*What you have to do*. In the records below, print each line exactly and leave every image out.

*** Data extract ***

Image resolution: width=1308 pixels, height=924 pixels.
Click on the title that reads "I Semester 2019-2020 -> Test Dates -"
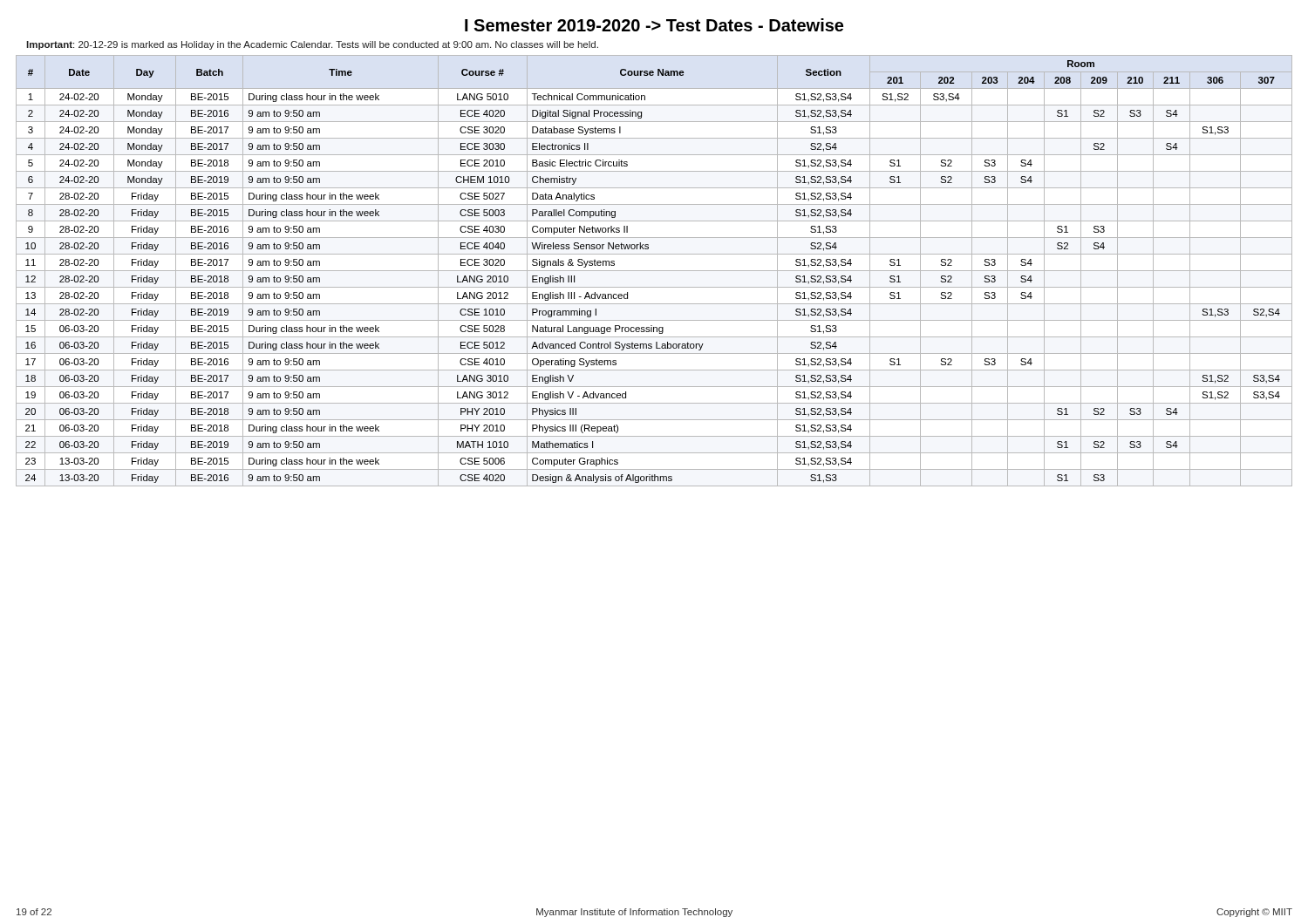click(654, 25)
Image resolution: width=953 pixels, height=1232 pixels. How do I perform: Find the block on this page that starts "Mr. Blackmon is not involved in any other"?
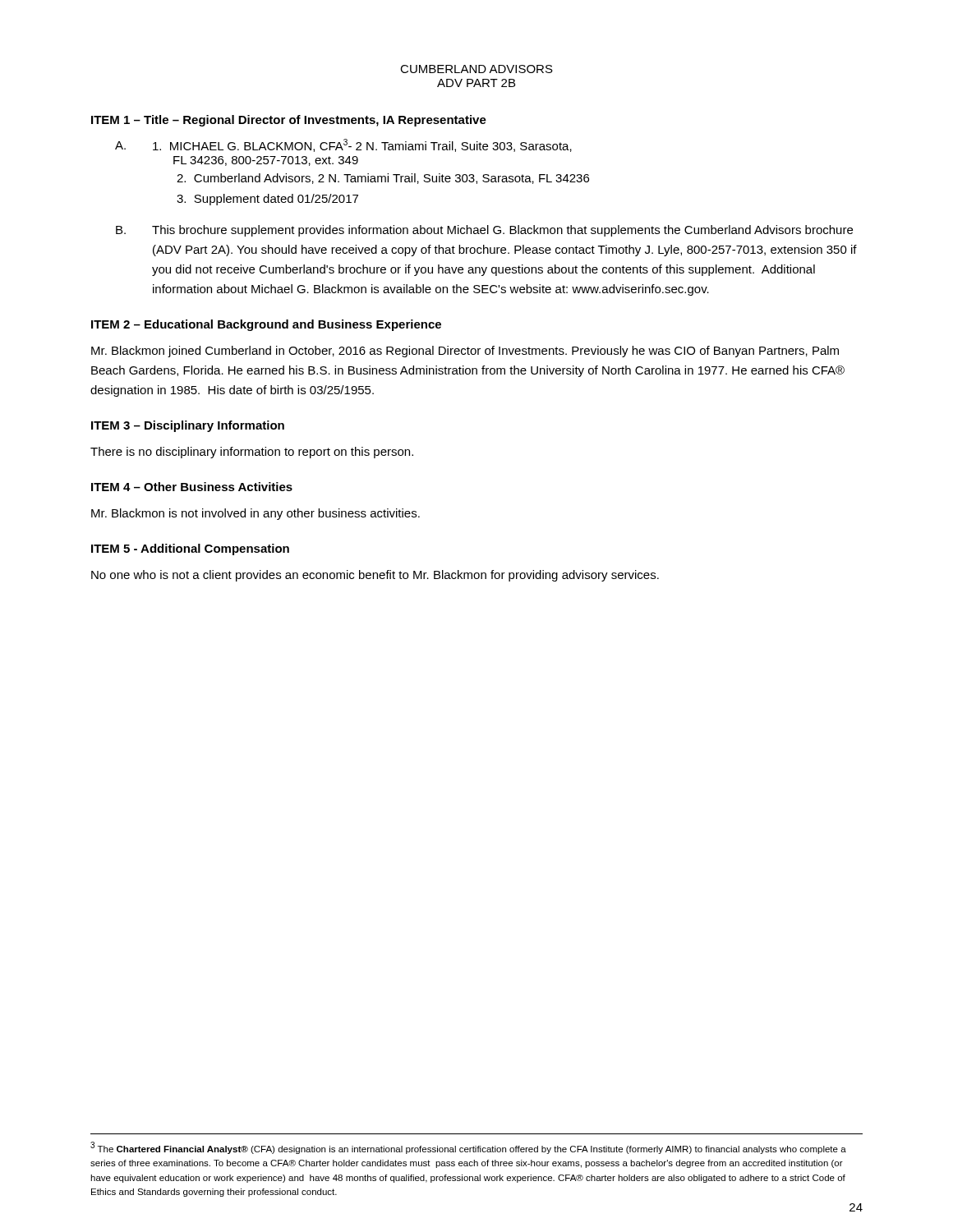[255, 513]
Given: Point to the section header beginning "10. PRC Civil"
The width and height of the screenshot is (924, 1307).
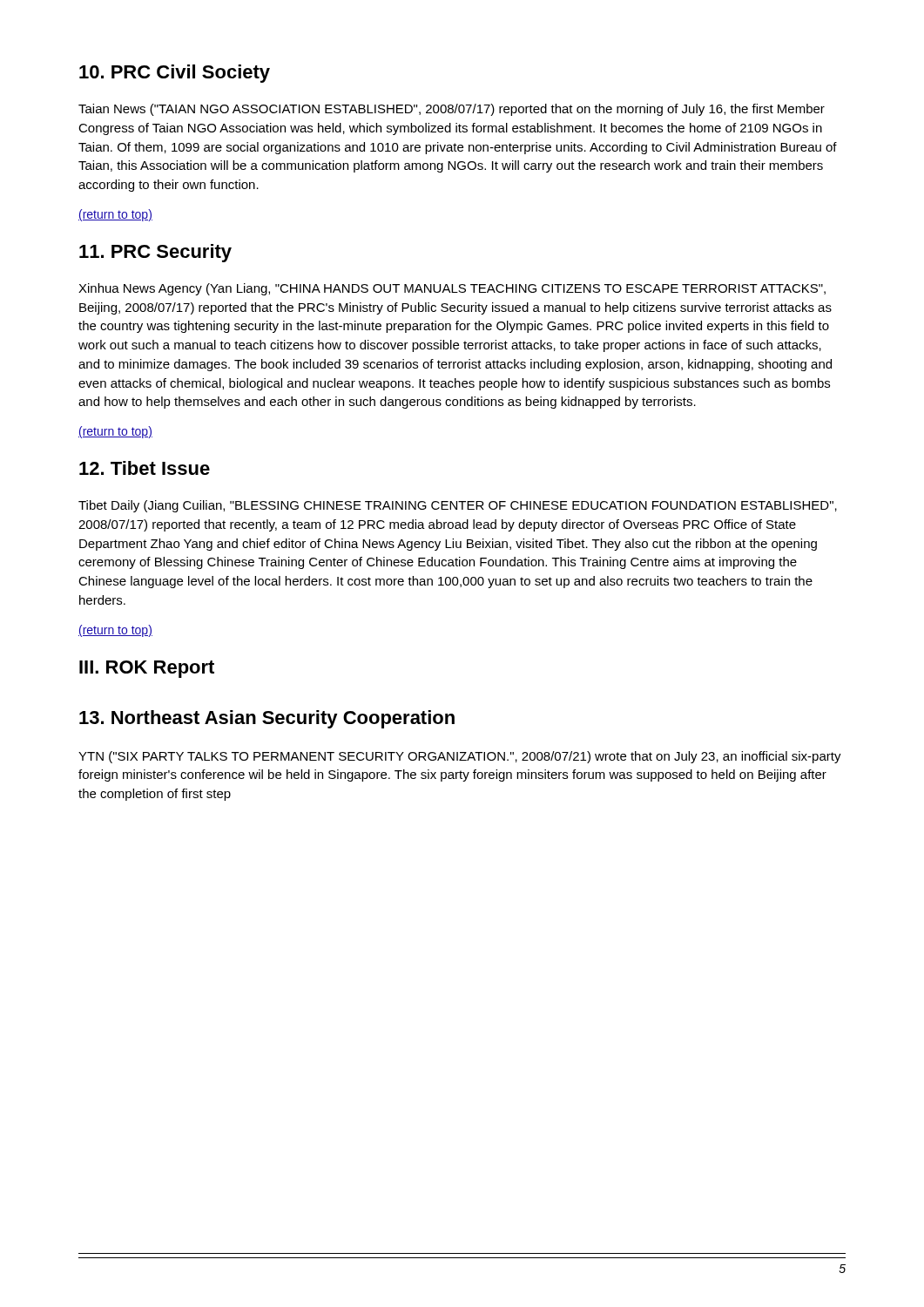Looking at the screenshot, I should (175, 74).

***

*Answer box*.
Image resolution: width=1308 pixels, height=924 pixels.
Click on the title that reads "I Semester 2019-2020 -> Test Dates -"
click(654, 25)
Image resolution: width=953 pixels, height=1232 pixels. How do I perform: Find the block on this page that starts "Mr. Blackmon is not involved in any other"?
[255, 513]
Given: Point to the section header beginning "10. PRC Civil"
The width and height of the screenshot is (924, 1307).
Looking at the screenshot, I should (175, 74).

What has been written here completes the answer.